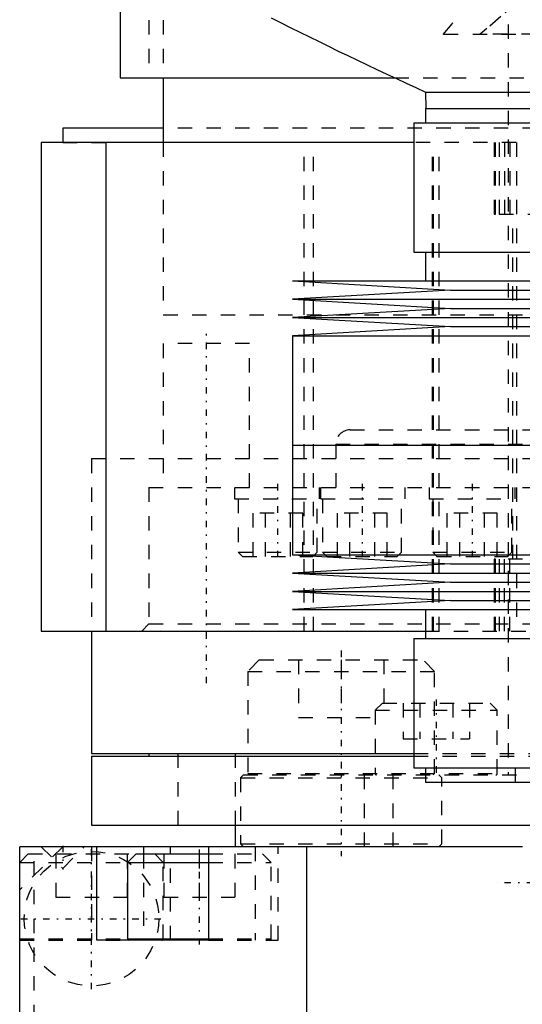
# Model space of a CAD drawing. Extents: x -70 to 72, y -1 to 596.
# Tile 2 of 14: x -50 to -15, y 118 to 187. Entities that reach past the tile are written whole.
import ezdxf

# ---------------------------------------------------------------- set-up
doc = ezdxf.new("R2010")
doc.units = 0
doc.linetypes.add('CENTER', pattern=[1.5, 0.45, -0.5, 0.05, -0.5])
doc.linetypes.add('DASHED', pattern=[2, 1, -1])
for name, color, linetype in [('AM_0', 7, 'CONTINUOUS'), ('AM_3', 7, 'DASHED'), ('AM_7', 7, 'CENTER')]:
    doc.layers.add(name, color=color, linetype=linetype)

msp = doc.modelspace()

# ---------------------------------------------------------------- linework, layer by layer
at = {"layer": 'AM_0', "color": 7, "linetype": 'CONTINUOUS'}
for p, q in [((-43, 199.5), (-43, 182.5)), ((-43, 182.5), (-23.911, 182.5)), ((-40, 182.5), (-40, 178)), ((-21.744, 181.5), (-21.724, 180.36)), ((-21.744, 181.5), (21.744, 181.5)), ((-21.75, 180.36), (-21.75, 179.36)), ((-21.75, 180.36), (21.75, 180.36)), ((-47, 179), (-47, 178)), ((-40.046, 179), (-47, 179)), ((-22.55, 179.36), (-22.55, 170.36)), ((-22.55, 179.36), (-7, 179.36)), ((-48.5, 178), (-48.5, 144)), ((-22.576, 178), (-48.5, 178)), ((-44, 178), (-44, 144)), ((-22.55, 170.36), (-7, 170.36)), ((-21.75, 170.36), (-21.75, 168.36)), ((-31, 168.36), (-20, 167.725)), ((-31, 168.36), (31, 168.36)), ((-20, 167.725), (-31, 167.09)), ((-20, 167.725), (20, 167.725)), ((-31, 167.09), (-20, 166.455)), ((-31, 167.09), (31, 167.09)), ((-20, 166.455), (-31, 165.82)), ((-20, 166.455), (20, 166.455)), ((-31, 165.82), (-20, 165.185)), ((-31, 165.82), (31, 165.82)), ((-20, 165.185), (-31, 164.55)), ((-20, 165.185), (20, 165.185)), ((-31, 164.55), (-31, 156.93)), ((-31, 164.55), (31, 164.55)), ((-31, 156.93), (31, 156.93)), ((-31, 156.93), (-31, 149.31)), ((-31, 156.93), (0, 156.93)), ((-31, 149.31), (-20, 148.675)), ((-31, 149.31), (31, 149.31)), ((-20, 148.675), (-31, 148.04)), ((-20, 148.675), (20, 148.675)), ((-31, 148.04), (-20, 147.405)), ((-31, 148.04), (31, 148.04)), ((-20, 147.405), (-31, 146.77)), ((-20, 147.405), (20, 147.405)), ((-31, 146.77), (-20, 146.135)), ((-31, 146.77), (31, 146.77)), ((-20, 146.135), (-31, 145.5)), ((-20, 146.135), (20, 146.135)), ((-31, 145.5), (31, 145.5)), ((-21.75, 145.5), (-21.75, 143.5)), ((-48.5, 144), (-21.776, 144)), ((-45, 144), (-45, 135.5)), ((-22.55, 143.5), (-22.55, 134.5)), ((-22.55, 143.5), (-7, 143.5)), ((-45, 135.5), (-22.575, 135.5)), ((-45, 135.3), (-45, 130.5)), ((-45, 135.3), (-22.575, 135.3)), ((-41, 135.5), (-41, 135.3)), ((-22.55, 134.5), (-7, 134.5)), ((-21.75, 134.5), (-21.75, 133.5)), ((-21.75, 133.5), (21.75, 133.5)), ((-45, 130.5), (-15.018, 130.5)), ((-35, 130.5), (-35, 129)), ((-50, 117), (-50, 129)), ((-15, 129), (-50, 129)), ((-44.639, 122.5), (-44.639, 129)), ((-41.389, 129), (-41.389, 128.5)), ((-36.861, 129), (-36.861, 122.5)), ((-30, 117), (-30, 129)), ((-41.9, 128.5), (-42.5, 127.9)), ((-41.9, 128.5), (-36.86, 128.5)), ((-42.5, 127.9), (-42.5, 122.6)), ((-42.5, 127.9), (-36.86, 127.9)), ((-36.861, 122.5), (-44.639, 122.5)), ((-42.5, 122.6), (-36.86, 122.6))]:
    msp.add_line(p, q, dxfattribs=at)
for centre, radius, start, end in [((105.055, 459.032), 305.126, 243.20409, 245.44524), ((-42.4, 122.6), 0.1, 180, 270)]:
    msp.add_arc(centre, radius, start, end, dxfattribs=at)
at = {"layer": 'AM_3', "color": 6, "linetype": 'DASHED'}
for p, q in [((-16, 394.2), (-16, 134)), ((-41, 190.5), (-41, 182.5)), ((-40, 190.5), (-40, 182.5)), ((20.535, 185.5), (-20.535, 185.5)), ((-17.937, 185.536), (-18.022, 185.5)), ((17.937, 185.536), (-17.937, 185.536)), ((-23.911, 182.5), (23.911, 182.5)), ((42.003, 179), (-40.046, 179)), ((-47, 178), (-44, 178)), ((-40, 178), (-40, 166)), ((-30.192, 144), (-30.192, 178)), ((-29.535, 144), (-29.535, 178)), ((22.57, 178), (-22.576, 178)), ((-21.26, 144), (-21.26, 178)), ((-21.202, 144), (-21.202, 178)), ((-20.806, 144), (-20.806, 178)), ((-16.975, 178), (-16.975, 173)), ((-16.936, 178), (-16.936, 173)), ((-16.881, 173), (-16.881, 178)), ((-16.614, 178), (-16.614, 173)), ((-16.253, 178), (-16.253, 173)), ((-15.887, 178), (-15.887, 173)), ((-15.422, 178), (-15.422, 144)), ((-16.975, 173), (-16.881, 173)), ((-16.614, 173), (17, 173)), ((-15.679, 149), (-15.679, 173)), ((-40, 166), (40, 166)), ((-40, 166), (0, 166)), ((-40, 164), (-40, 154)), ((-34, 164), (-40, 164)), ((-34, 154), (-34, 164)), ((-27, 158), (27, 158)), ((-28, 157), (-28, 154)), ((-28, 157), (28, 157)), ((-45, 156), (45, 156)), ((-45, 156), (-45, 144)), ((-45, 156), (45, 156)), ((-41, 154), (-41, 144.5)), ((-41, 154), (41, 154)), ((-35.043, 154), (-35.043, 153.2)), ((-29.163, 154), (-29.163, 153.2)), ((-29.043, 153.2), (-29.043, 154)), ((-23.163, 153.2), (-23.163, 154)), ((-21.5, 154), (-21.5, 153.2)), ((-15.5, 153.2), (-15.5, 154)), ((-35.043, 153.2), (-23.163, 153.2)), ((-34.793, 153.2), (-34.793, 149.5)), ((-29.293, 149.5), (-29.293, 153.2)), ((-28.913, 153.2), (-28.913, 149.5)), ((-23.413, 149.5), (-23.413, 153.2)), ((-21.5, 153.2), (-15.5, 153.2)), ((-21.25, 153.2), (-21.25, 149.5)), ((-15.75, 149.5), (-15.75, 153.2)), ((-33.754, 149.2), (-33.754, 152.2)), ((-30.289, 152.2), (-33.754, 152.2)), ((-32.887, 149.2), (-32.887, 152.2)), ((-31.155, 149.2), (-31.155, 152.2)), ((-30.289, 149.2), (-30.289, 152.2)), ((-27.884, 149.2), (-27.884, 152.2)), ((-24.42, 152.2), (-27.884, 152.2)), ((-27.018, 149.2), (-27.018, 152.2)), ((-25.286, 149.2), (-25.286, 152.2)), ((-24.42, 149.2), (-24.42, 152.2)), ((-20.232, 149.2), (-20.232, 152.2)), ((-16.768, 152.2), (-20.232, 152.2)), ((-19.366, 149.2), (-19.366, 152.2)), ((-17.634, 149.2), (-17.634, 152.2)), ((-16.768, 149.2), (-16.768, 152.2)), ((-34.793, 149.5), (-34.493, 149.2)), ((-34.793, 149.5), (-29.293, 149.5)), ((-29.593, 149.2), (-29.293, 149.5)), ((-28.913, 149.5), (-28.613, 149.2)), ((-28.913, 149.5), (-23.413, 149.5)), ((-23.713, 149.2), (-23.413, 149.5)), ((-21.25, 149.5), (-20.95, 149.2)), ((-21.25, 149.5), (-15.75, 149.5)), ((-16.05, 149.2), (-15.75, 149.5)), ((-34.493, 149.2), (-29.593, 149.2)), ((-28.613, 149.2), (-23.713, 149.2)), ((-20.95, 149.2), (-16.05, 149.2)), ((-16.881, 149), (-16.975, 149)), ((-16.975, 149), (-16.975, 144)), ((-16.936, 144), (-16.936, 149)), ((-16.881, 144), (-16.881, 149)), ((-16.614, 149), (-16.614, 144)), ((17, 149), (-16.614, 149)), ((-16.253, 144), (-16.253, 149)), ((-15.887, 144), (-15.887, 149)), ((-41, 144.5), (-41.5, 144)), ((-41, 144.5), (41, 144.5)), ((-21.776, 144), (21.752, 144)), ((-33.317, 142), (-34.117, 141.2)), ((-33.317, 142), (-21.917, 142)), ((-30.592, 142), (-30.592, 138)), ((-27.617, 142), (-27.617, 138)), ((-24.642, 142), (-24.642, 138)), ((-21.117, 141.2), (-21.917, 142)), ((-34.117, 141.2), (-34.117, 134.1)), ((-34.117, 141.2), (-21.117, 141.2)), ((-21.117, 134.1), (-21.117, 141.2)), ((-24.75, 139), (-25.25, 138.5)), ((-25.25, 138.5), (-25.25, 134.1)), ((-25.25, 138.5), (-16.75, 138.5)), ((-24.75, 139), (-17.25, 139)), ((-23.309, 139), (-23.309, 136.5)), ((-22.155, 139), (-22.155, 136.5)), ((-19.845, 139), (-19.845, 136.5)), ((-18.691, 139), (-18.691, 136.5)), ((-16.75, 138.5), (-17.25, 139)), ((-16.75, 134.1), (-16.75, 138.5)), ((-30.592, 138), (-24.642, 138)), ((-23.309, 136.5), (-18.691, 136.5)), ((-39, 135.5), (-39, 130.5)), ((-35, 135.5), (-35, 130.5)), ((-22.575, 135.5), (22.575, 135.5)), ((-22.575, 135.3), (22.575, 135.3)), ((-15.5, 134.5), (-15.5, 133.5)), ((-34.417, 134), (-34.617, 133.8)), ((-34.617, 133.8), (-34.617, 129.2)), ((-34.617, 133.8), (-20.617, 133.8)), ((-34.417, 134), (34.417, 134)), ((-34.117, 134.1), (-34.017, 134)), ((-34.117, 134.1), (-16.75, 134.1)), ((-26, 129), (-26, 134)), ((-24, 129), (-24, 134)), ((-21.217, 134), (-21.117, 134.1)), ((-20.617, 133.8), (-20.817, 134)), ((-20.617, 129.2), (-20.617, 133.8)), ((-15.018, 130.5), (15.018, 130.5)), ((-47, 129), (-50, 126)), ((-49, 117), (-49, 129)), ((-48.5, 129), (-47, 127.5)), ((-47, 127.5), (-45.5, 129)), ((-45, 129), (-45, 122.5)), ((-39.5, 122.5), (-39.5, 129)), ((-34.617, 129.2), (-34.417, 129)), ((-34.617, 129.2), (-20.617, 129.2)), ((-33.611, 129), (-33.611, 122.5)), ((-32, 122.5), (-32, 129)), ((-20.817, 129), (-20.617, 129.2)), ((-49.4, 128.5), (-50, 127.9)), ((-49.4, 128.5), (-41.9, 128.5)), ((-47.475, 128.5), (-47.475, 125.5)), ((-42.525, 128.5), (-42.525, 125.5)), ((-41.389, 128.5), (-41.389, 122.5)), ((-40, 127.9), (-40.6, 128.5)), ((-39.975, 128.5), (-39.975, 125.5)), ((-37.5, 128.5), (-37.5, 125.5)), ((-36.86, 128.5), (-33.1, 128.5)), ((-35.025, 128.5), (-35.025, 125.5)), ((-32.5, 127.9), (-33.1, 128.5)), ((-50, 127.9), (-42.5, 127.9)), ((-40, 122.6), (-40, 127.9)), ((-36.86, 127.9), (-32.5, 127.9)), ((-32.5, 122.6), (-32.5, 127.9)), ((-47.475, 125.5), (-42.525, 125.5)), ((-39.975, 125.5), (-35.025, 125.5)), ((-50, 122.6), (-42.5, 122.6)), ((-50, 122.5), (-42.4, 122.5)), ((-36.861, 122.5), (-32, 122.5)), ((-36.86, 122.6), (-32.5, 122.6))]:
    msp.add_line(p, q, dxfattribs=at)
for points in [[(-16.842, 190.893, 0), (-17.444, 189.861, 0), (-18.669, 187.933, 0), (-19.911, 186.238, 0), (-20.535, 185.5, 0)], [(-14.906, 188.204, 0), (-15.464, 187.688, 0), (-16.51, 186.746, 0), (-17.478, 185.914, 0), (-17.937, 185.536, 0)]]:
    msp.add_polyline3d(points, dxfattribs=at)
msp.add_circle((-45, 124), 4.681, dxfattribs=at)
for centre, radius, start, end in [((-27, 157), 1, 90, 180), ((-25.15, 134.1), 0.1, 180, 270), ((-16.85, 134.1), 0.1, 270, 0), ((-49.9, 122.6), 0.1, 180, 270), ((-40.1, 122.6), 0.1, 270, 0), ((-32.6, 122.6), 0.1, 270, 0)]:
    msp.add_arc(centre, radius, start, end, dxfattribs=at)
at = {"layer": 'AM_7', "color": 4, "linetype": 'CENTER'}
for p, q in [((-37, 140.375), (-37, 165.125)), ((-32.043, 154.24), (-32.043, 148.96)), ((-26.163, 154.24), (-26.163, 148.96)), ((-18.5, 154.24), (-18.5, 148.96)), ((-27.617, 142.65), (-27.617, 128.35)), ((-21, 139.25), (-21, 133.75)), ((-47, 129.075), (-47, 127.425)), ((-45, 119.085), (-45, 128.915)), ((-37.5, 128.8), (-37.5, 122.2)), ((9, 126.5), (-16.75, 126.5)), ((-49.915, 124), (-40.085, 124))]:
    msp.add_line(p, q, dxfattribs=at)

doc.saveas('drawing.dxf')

____________

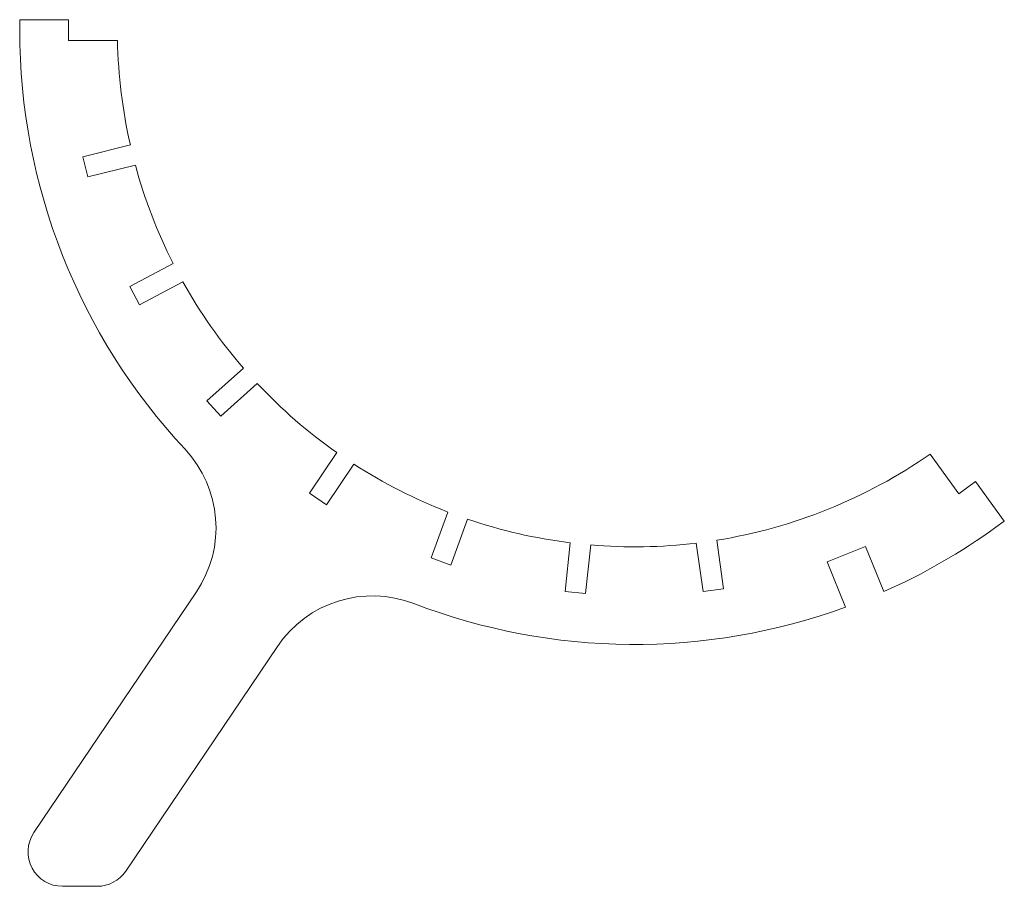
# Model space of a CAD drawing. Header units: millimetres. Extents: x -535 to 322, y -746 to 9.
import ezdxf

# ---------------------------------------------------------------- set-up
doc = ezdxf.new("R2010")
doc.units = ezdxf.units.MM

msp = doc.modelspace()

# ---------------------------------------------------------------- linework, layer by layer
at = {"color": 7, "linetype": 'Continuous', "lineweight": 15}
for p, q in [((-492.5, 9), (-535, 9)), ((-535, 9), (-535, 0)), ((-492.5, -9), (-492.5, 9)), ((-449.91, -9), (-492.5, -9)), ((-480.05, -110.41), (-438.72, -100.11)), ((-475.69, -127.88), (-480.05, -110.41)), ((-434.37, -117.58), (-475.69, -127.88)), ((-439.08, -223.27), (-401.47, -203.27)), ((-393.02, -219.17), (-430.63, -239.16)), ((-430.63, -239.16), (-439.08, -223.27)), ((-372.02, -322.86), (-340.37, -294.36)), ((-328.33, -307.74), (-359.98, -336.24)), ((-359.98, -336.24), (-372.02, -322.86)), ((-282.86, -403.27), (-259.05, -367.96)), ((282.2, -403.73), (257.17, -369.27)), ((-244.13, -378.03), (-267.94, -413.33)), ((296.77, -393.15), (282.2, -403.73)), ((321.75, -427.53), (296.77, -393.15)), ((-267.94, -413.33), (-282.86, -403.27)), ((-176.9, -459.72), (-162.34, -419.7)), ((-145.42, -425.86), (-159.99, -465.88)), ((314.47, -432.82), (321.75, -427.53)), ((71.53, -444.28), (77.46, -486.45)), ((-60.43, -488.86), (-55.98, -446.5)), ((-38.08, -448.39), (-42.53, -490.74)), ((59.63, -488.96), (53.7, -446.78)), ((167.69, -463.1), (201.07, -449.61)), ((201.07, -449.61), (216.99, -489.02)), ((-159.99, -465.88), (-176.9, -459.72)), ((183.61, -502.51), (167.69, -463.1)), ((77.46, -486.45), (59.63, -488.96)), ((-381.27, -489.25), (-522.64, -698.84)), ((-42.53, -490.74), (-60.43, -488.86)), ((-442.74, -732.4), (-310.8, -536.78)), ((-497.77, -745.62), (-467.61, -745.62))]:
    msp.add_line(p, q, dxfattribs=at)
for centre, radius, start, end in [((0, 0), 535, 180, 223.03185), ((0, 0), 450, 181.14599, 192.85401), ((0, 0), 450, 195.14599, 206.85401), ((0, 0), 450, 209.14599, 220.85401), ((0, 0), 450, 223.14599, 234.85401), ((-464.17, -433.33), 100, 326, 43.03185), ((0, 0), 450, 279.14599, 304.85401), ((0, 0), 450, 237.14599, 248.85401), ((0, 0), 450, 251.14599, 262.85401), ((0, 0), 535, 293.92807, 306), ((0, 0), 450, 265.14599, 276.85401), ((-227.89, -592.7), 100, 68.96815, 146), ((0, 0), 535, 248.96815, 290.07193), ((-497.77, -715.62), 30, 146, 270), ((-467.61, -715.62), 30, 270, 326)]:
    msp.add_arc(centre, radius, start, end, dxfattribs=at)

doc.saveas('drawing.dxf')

____________

PROBLEM. Look over the records above and filter for each line with the word "DASHED".

FINISHED TASK.
doc.linetypes.add('DASHED', pattern=[2, 1, -1])
for name, color, linetype in [('AM_0', 7, 'CONTINUOUS'), ('AM_3', 7, 'DASHED'), ('AM_7', 7, 'CENTER')]:
at = {"layer": 'AM_3', "color": 6, "linetype": 'DASHED'}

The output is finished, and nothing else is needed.